(MATERIAL FOR THIS TASK begins)

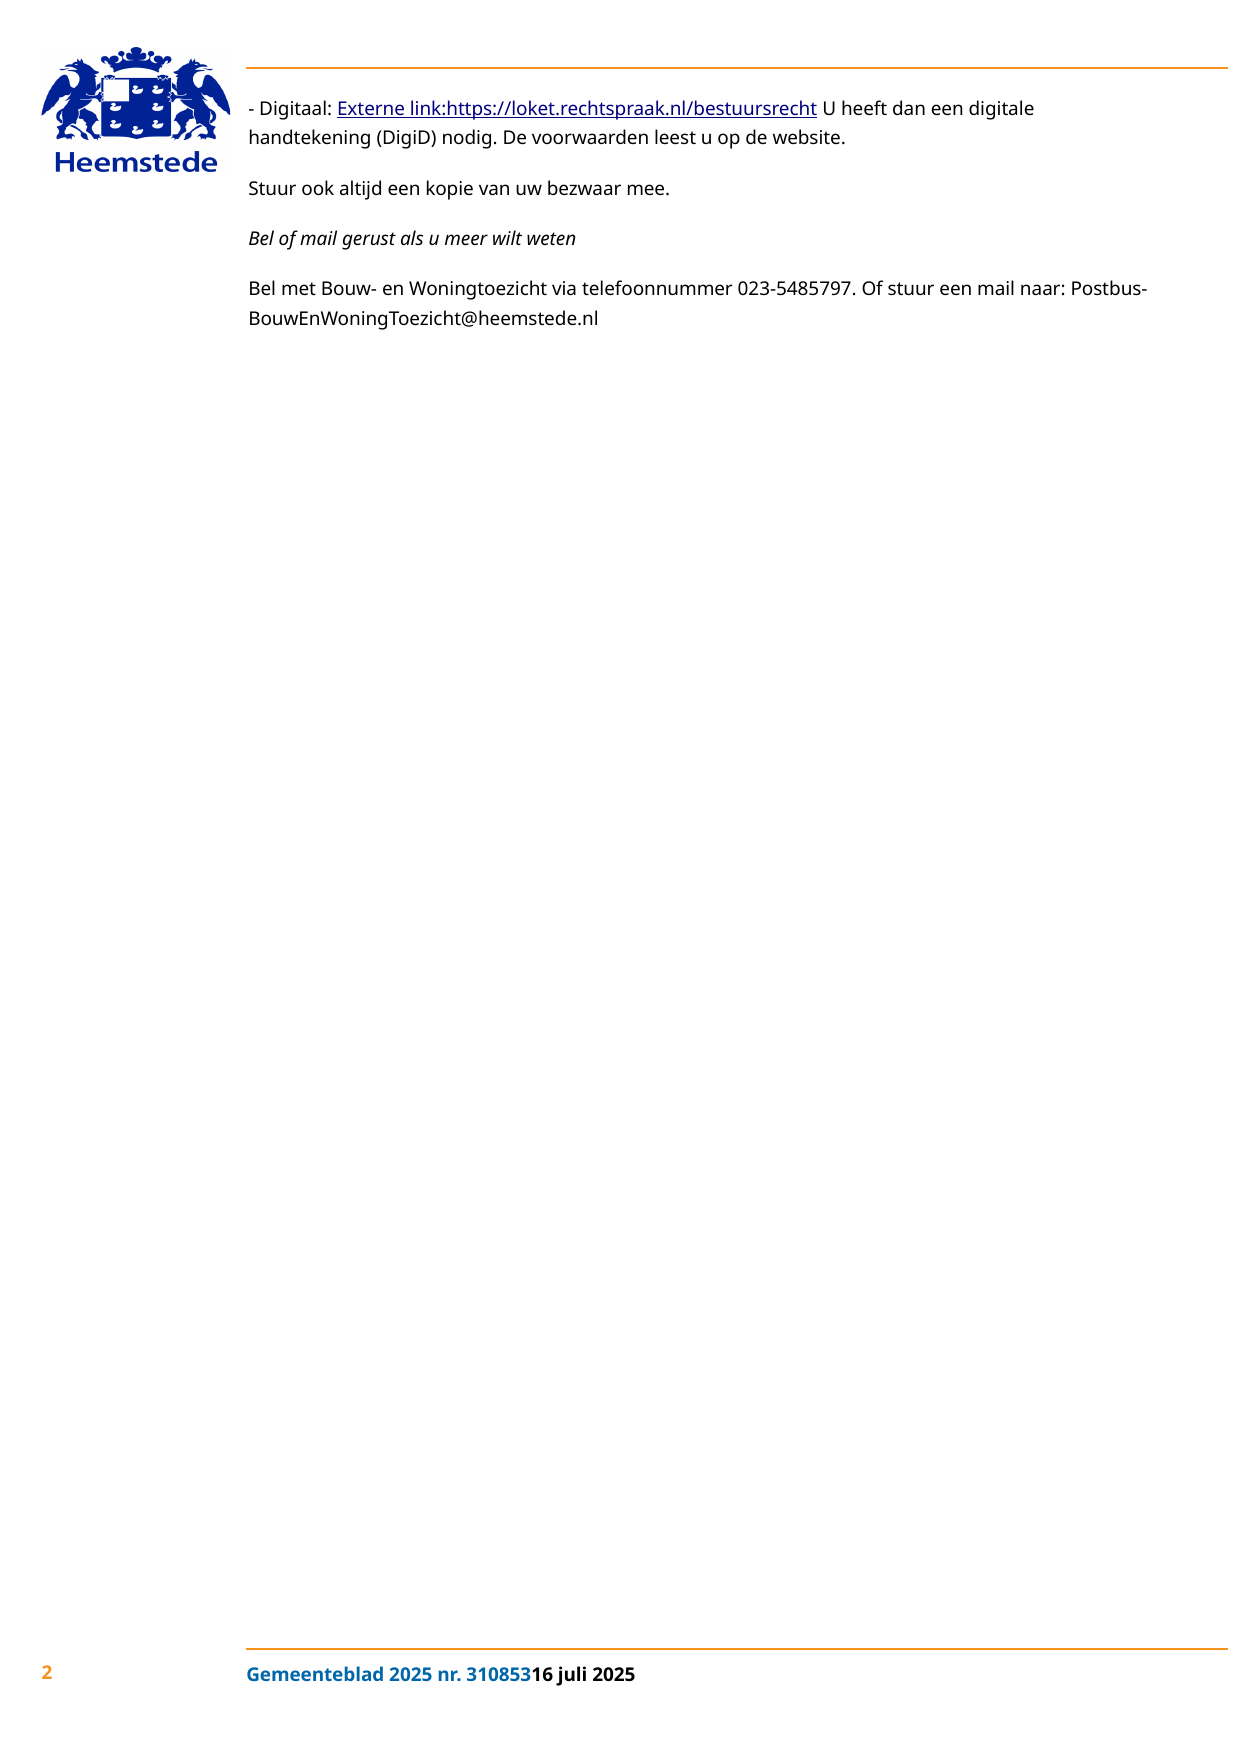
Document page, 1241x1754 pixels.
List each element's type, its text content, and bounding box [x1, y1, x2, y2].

text Bel met Bouw- en Woningtoezicht via telefoonnummer 023-5485797. Of stuur een mail naar: Postbus-BouwEnWoningToezicht@heemstede.nl [248, 276, 1152, 331]
picture [41, 47, 231, 172]
text Stuur ook altijd een kopie van uw bezwaar mee. [248, 175, 1152, 201]
text Bel of mail gerust als u meer wilt weten [248, 225, 1152, 251]
text - Digitaal: Externe link:https://loket.rechtspraak.nl/bestuursrecht U heeft dan een digitale handtekening (DigiD) nodig. De voorwaarden leest u op de website. [248, 95, 1152, 150]
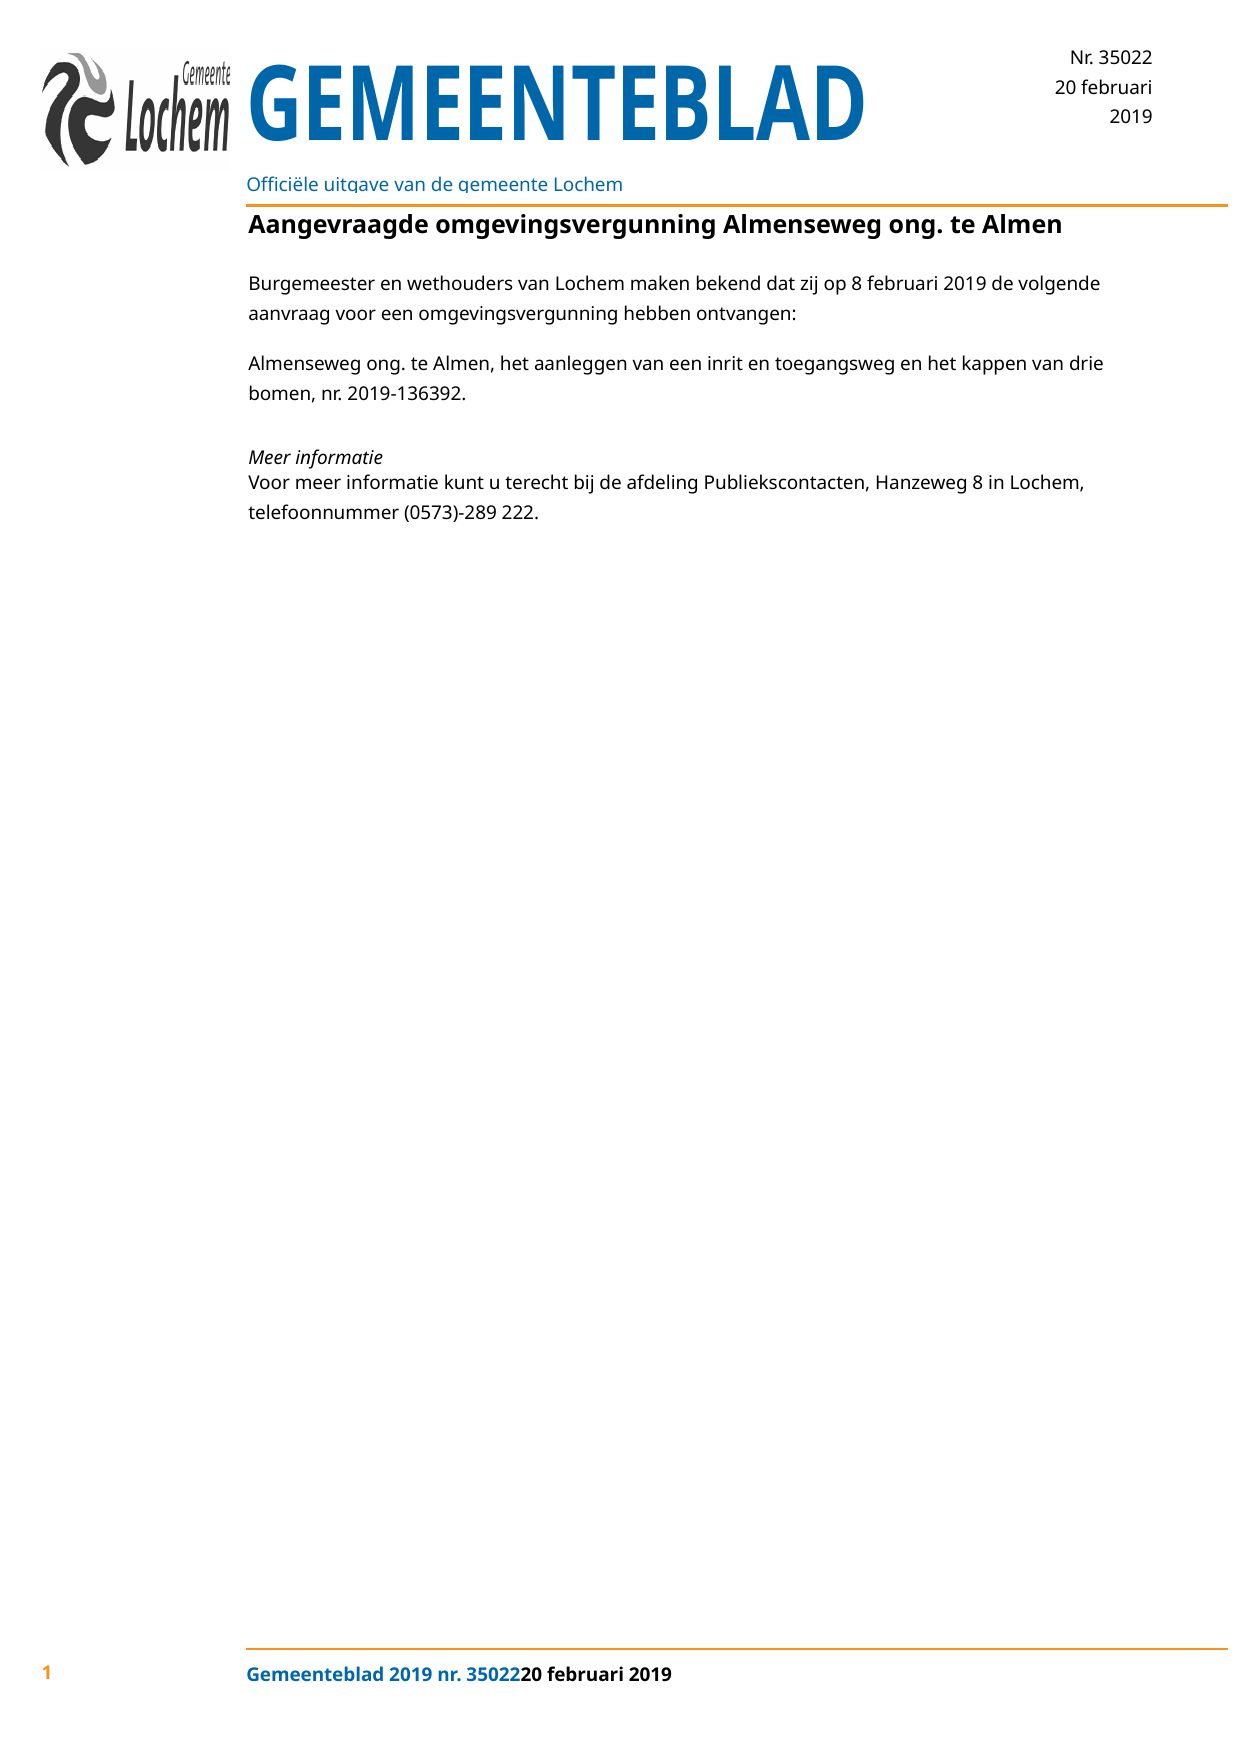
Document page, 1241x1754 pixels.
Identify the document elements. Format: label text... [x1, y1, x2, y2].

text Meer informatie [248, 444, 1152, 469]
text Burgemeester en wethouders van Lochem maken bekend dat zij op 8 februari 2019 de volgende aanvraag voor een omgevingsvergunning hebben ontvangen: [248, 270, 1152, 326]
text Almenseweg ong. te Almen, het aanleggen van een inrit en toegangsweg en het kappen van drie bomen, nr. 2019-136392. [248, 350, 1152, 406]
text Aangevraagde omgevingsvergunning Almenseweg ong. te Almen [248, 207, 1152, 241]
picture [41, 47, 231, 172]
text Voor meer informatie kunt u terecht bij de afdeling Publiekscontacten, Hanzeweg 8 in Lochem, telefoonnummer (0573)-289 222. [248, 469, 1152, 525]
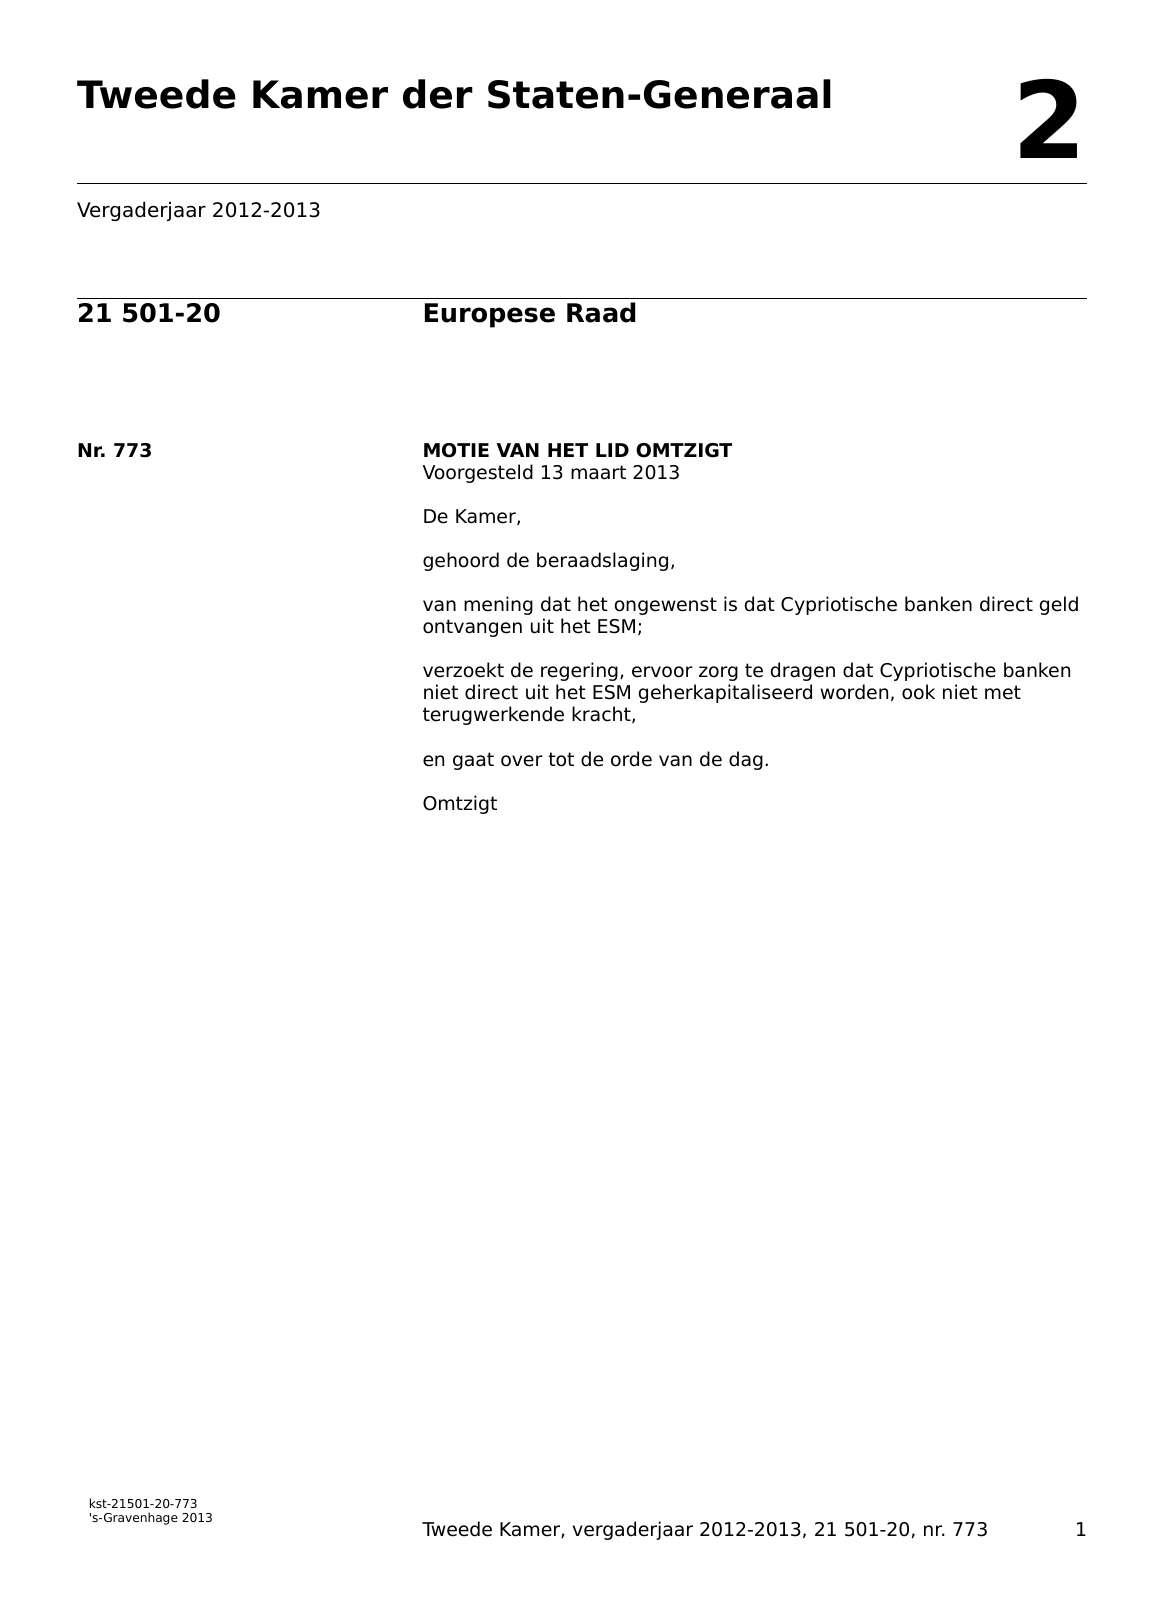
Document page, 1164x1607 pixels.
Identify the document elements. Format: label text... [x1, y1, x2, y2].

(MATERIAL FOR THIS TASK ends)

Every line of the material is to be quoted exactly, with no pictures carried over.

EXPECTED ANSWER.
Document page, 1241x1754 pixels.
List each element's type, its text content, and bounding box [x1, y1, x2, y2].

text Bel met Bouw- en Woningtoezicht via telefoonnummer 023-5485797. Of stuur een mail naar: Postbus-BouwEnWoningToezicht@heemstede.nl [248, 276, 1152, 331]
picture [41, 47, 231, 172]
text Stuur ook altijd een kopie van uw bezwaar mee. [248, 175, 1152, 201]
text Bel of mail gerust als u meer wilt weten [248, 225, 1152, 251]
text - Digitaal: Externe link:https://loket.rechtspraak.nl/bestuursrecht U heeft dan een digitale handtekening (DigiD) nodig. De voorwaarden leest u op de website. [248, 95, 1152, 150]
Document page, 1241x1754 pixels.
Identify the document elements. Format: label text... [x1, y1, x2, y2].

text Meer informatie [248, 444, 1152, 469]
text Burgemeester en wethouders van Lochem maken bekend dat zij op 8 februari 2019 de volgende aanvraag voor een omgevingsvergunning hebben ontvangen: [248, 270, 1152, 326]
text Almenseweg ong. te Almen, het aanleggen van een inrit en toegangsweg en het kappen van drie bomen, nr. 2019-136392. [248, 350, 1152, 406]
text Aangevraagde omgevingsvergunning Almenseweg ong. te Almen [248, 207, 1152, 241]
picture [41, 47, 231, 172]
text Voor meer informatie kunt u terecht bij de afdeling Publiekscontacten, Hanzeweg 8 in Lochem, telefoonnummer (0573)-289 222. [248, 469, 1152, 525]
Document page, 1164x1607 pixels.
Identify the document elements. Format: label text... [x1, y1, x2, y2].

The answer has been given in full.